Replicates and repeats
BMC Biology volume 14, Article number: 28 (2016)
The authors of this paper were interested to see whether the expression of three proteins (A, B and C) was altered in a knockout mouse model of a gene encoding Protein X. Each experiment measured the expression of a different protein and the results seem to show a clear increase in protein expression in the mutant mouse compared with the control. The results are reported as statistically significant, with impressive ‘n’ values in each condition: the authors say that n = 7 in each case. They confidently conclude that the level of each of the three proteins is increased in the knockout mutant.
Repeating an experiment to be confident that an observed effect represents a real phenomenon is key in biology and the reproducibility (or lack thereof) of research has garnered much attention recently. One important factor to consider (and report) is whether the replicates for each experiment are biological replicates or technical replicates. Broadly speaking, biological replicates are biologically distinct samples (e.g. the same type of organism treated or grown in the same conditions), which show biological variation; technical replicates are repeated measurements of a sample, which show variation of the measuring equipment and protocols.
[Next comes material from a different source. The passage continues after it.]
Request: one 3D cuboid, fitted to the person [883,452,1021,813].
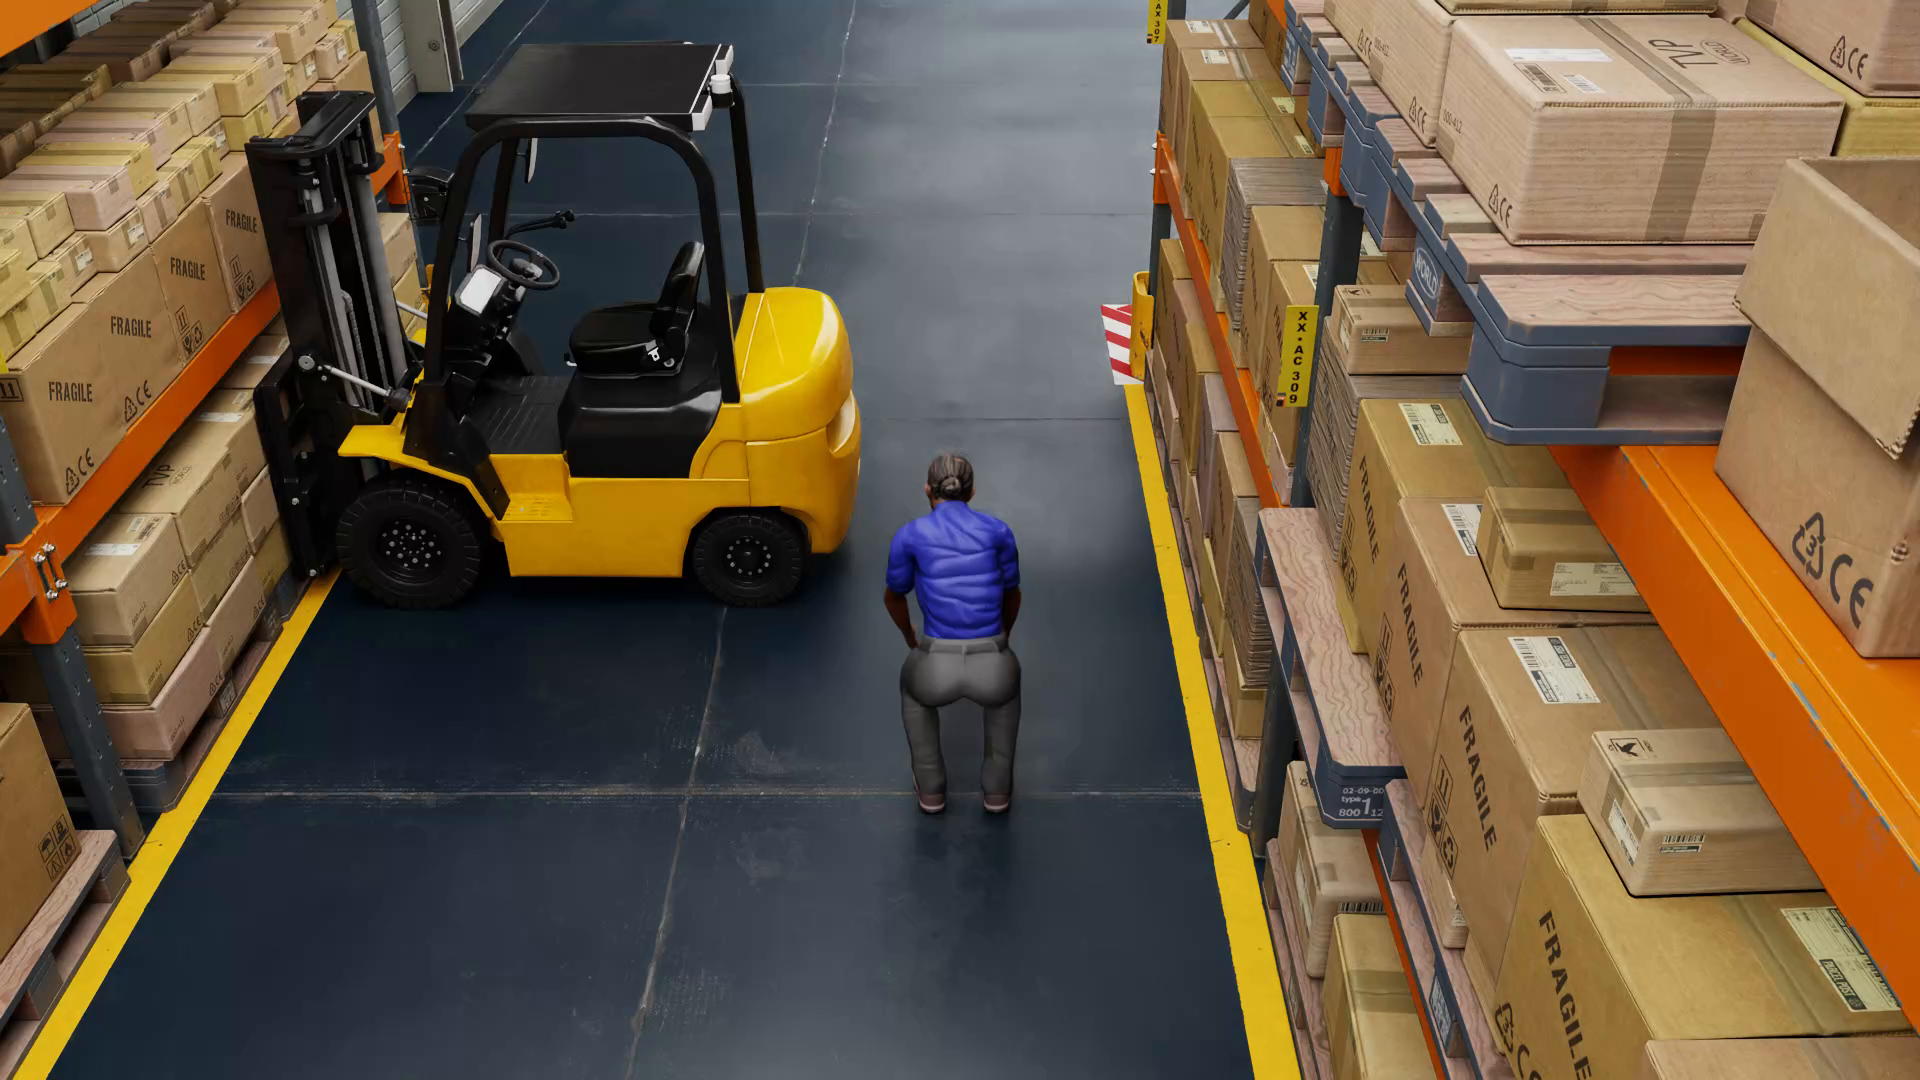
[{"bbox_3d":[-0.025,0.373,5.931,0.499,1.252,0.694,0,32,0],"label":"person"}]

Figure 1a shows the results of three experiments, each measuring the increase in expression of a protein in a knockout mouse model relative to the wild type, and the authors say in each case that “n = 7”. However, only Experiment 3 provides statistically significant support for their conclusions because of the inappropriate way the data were handled in Experiments 1 and 2.
In Fig. 1b, the data values for each of the seven “n” values are plotted in each experiment. Different colours represent different biological replicates (i.e. different mice). Experiment 3 used seven different mice, measured once each. Experiment 1 used three mice but measured one of them five times, resulting in five technical replicates (red crosses). This skews the calculated mean heavily in favour of results from that mouse. If those technical replicates were combined into a single value, and the results from each mouse were given equal weighting, the overall result would no longer be statistically significant, since mice #2 and #3 (blue and green crosses) show no real change compared with the wild type.
In Experiment 2, although seven values are given, these come from only two mice (two biological replicates), with each measured more than once. The n value should therefore be reported as 2, not 7, and p values shouldn’t be given. The authors should also be concerned that the technical replicates for mouse #2 (blue crosses) are very different, suggesting that their equipment was faulty.